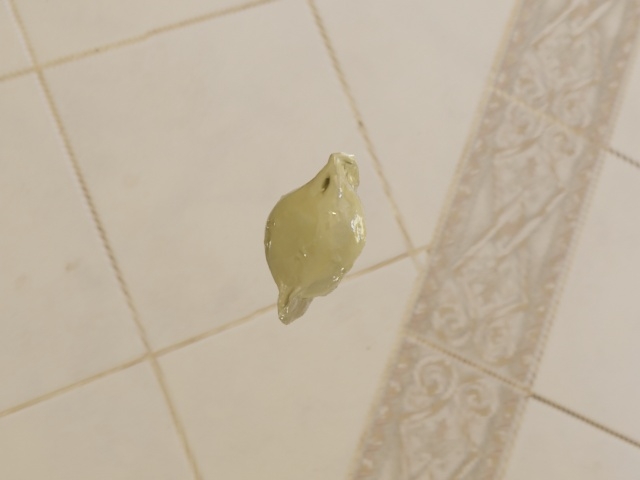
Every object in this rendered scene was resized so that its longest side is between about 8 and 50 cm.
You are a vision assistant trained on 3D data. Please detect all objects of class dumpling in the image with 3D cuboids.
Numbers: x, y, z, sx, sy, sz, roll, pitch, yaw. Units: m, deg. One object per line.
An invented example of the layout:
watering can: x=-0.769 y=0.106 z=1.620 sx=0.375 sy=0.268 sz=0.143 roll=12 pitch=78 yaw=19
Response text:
dumpling: x=0.002 y=0.000 z=0.664 sx=0.057 sy=0.052 sz=0.076 roll=9 pitch=69 yaw=-56
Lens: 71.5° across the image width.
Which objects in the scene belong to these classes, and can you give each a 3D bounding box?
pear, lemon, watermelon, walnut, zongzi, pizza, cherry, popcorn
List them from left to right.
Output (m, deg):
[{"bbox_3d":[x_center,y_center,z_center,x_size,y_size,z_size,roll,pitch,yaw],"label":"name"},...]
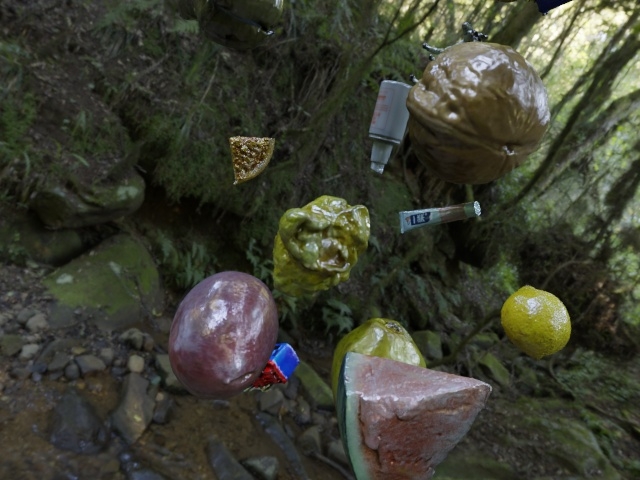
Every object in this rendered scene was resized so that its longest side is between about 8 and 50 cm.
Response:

→ **INSTRUCTIONS TO FOLLOW**: Looking at the data above, work out how many lines contain "image" and answer with the figure only.

→ **REPLY**: 2